### [Exercise goal]
Throughout the records below, find each line holding "this" and copy it.

Extracted data entries
☆ ☆ ☆ ☆ ☆ ☆ ☆
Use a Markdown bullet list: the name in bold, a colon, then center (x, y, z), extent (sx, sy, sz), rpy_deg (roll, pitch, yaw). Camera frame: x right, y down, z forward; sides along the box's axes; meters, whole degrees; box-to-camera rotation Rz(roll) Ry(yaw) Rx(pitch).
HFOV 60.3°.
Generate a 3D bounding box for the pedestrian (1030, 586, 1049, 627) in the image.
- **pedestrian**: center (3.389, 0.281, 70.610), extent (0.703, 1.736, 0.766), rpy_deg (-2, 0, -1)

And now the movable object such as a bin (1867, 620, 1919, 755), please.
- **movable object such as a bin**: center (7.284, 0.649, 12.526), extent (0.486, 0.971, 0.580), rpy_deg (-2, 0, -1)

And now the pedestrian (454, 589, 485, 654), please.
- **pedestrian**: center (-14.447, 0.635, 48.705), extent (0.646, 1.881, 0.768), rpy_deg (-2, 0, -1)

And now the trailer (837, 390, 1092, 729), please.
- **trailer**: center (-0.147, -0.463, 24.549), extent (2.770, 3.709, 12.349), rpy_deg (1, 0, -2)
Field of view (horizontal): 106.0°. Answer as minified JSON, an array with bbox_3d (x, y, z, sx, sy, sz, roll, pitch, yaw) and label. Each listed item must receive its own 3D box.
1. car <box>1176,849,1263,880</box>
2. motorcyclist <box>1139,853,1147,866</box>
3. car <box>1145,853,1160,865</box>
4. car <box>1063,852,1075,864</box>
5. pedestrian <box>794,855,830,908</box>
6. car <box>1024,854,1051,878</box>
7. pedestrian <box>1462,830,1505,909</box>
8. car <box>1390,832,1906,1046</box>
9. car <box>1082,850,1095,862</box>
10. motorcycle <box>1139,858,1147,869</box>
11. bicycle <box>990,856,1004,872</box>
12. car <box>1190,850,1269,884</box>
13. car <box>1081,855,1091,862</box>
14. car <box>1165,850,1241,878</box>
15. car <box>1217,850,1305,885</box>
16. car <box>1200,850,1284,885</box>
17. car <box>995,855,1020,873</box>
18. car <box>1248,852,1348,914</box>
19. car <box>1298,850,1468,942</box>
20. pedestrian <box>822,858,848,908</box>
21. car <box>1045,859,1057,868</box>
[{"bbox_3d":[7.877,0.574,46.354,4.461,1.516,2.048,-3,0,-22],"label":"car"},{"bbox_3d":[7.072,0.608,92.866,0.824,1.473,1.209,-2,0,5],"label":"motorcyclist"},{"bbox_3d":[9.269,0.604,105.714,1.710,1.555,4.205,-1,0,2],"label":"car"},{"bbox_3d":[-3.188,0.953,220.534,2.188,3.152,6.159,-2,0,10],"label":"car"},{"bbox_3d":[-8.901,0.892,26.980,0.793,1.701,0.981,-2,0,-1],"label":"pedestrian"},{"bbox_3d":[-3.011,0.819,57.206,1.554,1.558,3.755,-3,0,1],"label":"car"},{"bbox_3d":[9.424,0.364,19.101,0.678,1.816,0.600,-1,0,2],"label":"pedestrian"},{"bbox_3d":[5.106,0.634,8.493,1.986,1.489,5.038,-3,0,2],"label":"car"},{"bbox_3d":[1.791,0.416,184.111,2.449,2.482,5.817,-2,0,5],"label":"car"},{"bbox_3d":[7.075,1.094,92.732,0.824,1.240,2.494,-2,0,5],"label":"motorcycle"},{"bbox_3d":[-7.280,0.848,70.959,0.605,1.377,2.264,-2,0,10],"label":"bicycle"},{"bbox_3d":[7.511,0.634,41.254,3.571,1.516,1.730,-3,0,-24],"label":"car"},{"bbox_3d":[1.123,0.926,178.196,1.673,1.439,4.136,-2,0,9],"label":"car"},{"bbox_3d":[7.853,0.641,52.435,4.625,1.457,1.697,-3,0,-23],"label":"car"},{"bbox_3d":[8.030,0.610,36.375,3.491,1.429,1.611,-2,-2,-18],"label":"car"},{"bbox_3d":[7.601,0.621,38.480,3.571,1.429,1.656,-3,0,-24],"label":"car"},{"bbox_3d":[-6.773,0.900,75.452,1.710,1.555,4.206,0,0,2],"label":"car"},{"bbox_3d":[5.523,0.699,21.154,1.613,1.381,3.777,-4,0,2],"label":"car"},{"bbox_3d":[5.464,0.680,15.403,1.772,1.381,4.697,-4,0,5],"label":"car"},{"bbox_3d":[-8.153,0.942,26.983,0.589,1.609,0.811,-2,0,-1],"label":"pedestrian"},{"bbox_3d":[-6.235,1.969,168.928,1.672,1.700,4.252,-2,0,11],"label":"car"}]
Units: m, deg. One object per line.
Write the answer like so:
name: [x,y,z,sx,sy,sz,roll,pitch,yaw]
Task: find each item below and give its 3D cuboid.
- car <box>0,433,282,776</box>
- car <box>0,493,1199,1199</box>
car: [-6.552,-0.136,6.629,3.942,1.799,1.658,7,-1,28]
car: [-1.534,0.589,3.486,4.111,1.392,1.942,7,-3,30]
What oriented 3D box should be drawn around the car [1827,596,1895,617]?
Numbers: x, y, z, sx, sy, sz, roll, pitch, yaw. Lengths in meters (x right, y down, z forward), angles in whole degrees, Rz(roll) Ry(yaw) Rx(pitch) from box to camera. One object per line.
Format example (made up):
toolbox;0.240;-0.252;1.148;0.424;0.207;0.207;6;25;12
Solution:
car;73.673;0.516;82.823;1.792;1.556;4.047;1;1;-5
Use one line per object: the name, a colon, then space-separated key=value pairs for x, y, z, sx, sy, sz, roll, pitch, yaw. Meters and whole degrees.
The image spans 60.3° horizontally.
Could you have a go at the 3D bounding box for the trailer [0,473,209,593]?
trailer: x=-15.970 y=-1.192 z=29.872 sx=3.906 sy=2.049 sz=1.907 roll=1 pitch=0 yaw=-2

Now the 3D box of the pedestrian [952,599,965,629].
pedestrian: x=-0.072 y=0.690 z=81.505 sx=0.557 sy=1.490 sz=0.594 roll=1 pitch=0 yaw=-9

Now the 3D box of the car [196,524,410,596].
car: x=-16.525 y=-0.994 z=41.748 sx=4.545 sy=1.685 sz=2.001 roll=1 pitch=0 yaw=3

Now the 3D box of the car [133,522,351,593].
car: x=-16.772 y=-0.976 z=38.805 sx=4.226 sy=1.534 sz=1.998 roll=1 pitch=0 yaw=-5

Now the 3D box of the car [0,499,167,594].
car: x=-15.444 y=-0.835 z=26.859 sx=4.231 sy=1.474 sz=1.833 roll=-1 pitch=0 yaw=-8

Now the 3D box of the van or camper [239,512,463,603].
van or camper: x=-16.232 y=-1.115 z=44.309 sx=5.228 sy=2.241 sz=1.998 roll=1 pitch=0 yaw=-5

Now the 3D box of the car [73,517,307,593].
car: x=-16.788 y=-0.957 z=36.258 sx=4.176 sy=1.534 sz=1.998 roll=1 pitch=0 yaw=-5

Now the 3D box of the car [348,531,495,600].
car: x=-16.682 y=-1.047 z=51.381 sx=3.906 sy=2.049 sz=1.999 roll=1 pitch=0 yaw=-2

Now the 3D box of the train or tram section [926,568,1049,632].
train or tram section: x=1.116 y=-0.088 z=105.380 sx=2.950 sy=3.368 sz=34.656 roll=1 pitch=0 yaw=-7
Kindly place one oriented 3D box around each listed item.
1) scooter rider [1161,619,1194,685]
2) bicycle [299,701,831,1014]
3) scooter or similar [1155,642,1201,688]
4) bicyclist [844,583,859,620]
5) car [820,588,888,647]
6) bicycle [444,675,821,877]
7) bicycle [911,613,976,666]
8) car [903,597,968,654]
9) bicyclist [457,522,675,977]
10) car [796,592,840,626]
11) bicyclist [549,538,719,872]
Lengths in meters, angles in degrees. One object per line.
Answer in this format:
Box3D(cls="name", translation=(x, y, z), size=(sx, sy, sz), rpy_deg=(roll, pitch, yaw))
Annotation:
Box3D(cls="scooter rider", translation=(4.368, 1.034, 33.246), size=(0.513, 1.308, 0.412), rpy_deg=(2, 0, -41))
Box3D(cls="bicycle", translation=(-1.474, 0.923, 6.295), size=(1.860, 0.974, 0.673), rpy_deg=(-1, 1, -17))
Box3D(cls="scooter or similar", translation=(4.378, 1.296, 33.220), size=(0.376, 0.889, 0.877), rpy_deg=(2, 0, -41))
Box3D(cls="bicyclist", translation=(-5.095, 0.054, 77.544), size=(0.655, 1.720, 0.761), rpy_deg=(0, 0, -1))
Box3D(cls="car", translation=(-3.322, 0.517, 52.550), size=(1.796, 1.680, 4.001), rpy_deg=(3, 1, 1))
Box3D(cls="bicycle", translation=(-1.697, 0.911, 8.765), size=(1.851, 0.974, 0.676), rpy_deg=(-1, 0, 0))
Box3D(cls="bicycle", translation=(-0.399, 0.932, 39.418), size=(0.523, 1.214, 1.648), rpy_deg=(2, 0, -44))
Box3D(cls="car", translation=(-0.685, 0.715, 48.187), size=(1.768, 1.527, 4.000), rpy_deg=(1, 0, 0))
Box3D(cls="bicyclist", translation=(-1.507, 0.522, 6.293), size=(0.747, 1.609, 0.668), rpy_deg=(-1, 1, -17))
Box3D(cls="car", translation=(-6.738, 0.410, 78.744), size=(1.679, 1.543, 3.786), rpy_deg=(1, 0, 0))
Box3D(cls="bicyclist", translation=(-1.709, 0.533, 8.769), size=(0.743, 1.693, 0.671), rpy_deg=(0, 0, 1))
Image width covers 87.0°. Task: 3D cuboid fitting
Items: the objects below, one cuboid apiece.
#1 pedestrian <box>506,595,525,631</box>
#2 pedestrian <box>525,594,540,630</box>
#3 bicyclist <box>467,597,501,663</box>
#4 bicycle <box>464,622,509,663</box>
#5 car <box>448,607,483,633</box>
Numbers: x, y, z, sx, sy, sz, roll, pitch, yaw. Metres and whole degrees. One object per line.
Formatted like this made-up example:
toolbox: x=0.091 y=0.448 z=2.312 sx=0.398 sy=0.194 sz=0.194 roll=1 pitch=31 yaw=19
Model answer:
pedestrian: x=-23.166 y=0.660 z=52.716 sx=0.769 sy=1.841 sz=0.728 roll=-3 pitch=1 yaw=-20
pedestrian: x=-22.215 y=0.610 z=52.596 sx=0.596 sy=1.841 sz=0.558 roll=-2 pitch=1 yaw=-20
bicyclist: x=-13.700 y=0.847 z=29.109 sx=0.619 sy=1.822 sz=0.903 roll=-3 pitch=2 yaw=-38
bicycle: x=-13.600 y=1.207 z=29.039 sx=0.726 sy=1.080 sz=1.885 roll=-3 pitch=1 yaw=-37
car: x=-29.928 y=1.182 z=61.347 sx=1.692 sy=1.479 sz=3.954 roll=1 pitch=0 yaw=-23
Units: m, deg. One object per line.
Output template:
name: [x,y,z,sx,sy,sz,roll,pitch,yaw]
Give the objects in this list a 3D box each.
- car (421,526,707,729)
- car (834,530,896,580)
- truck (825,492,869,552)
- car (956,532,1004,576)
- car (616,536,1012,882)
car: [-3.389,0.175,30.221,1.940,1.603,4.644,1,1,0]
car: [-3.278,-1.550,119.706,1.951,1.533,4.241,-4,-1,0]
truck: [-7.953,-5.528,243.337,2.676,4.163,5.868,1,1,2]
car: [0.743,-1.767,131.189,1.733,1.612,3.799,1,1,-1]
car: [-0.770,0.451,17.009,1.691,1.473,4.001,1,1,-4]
☆ ☆ ☆ ☆ ☆ ☆ ☆
### [Written response]
Answer in this format:
Formatted like this made-up example:
Give the objects in this list a 3D box each.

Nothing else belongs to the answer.